ISO 27001:2022 is the international standard for establishing, implementing and continually improving an Information Security Management System (ISMS). Acuigen first achieved ISO 27001 certification in 2018 and has successfully maintained certification through annual re‑certification, demonstrating our ongoing commitment to protecting confidential information and managing information security risk.
What is ISO 27001?
ISO 27001 requires senior management to:
- Identify and assess information security risks systematically, taking into account threats, vulnerabilities and potential impacts
- Design and implement proportionate security controls (and other risk treatments) to reduce identified risks to acceptable levels
- Operate an ongoing management framework to ensure that controls remain effective and aligned to business, client and regulatory requirements
The standard takes a risk‑based approach to information security, ensuring controls are practical, relevant and embedded into day‑to‑day operations.
Scope of our ISO 27001 Certification
The scope of Acuigen’s ISO 27001 certification covers an ISMS supporting:
- Research and client feedback interviewing services, including:
- Face‑to‑face interviews
- Telephone research
- Web‑based surveys
- International and multilingual research and feedback programmes
- Qualitative and quantitative research methodologies
- Customer opinion tracking studies
- Data modelling and analysis
- Design, development and hosting of research and insight software
- Customer relationship management
- Project management
This scope supports both our research services and CustomServe insight technology.
Independent Assessment
As part of our ISO 27001 certification, Acuigen undergoes a comprehensive annual independent assessment, conducted by SGS United Kingdom Limited.
Our most recent re‑certification audit took place in February 2026, providing independent assurance that our information security controls and governance arrangements remain robust, appropriate and effective.
ISO 9001, ISO 20252 and ISO 27001 - What’s the difference?
Our 3 ISO standards address different but complementary aspects of how we deliver quality, conduct research and protect information:
- ISO 9001 is a quality system that ensures that clients receive a great service and that our service and products are continually improved. We define the internal quality systems and ensure that we deliver to them for the 2 certified scopes (research and software development/hosting of services). ISO 9001 takes a risk assessment and mitigation approach to managing quality.
- ISO 20252, by contrast to ISO 9001, is a ‘best of class’ prescriptive standard that defines standard ways and standards dependent upon the appropriate research methodology. For example, when undertaking telephone interviews, the standard defines the minimum number of interviews that have to be validated per interviewer and the methods of assuring the quality of their work.
- ISO 27001 is an information security standard that uses a risk assessment and mitigation approach in the same manner as ISO 9001. An information security management system (ISMS) is set up with circa 93 different controls (listed in ISO 27002) to cover different areas of risk, including; people, organisation, physical and technology risks.

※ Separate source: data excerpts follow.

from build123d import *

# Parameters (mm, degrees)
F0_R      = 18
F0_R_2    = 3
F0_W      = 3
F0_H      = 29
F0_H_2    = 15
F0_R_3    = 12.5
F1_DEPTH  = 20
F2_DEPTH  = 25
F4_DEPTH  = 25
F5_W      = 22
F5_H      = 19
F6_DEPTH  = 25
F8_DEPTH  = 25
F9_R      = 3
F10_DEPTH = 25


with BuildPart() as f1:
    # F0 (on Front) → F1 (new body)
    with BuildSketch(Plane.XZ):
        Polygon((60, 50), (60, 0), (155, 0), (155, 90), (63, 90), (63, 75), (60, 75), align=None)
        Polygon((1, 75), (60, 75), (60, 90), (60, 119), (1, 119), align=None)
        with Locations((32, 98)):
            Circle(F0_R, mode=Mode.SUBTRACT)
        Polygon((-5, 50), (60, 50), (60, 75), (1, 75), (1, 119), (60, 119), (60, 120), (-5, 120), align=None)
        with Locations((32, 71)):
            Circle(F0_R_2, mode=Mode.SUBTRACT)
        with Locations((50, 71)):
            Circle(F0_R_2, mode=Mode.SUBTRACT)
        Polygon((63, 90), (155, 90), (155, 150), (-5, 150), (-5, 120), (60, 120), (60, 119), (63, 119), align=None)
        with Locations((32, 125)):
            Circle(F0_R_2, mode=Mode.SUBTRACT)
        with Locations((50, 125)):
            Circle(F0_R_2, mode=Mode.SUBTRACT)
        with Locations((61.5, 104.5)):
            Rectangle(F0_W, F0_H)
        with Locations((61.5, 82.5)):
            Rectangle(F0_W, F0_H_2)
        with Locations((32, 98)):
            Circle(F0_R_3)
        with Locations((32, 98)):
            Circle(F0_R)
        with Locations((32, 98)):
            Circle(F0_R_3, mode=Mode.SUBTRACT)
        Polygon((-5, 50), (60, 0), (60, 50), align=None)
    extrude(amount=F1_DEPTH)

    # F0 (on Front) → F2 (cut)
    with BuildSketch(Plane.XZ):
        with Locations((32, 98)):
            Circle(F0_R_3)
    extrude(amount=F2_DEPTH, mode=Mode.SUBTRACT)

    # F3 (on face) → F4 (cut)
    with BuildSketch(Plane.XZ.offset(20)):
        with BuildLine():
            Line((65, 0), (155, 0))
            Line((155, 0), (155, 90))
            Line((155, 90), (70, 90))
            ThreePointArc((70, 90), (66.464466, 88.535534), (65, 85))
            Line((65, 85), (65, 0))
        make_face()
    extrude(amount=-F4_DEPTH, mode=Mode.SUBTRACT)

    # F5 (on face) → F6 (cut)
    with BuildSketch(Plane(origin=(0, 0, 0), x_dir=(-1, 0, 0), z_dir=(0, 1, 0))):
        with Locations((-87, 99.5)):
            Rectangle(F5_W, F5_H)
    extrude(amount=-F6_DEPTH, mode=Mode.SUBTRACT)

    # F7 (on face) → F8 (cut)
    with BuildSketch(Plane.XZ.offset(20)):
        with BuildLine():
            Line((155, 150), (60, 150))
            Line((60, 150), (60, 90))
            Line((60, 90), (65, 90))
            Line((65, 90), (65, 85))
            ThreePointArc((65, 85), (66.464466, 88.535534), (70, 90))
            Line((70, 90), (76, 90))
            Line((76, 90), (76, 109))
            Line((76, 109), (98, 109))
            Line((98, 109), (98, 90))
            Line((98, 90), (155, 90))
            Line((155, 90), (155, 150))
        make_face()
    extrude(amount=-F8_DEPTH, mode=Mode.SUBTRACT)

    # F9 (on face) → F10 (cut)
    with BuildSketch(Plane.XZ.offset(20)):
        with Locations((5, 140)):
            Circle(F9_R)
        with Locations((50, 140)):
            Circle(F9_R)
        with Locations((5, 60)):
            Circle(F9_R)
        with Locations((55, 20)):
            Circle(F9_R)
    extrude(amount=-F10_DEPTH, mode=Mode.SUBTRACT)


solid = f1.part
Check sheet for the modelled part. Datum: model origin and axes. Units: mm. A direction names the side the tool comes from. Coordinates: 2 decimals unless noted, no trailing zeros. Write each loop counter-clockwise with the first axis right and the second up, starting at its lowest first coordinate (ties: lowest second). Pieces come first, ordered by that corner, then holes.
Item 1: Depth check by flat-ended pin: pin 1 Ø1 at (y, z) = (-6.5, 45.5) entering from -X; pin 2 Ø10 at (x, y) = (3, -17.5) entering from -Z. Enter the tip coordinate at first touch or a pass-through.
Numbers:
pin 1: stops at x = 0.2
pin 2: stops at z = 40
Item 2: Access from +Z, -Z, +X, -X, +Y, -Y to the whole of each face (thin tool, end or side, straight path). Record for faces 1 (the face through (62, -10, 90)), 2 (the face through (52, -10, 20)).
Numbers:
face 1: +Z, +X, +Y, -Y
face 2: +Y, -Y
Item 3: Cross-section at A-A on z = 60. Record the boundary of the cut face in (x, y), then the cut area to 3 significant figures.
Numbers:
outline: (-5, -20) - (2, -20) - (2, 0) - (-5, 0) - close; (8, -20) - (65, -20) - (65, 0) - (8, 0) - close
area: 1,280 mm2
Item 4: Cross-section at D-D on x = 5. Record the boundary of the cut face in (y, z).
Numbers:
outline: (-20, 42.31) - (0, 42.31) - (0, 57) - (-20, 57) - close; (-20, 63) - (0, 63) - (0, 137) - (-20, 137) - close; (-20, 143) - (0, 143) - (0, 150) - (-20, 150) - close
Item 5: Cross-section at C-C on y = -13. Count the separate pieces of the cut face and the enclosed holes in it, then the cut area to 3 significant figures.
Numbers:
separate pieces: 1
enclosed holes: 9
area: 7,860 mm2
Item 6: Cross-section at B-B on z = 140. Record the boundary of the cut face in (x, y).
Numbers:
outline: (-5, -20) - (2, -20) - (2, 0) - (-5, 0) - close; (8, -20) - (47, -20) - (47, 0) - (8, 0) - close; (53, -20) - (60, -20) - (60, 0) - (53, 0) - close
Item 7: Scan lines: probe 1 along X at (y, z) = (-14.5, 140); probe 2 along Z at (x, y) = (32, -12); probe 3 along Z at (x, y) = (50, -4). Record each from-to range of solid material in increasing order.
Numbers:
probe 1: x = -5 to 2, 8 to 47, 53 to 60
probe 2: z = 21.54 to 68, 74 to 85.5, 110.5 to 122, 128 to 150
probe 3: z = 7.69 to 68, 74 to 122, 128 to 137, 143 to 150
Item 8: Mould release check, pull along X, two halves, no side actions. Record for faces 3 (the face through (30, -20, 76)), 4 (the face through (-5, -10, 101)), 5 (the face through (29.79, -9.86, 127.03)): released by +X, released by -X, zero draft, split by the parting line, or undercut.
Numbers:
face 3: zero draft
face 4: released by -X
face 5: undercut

UKAS Accreditation - Why is it so important?
Our certification processes are accredited by the United Kingdom Accreditation Service (UKAS), the UK government‑appointed body responsible for assessing organisations that provide certification services. UKAS is also a signatory to international accreditation agreements, enabling the mutual recognition of certifications globally.
Only UKAS‑accredited certification bodies have been formally assessed by the UK’s national accreditation authority. Certification issued by non‑accredited bodies may not be subject to the same level of independent oversight or international recognition.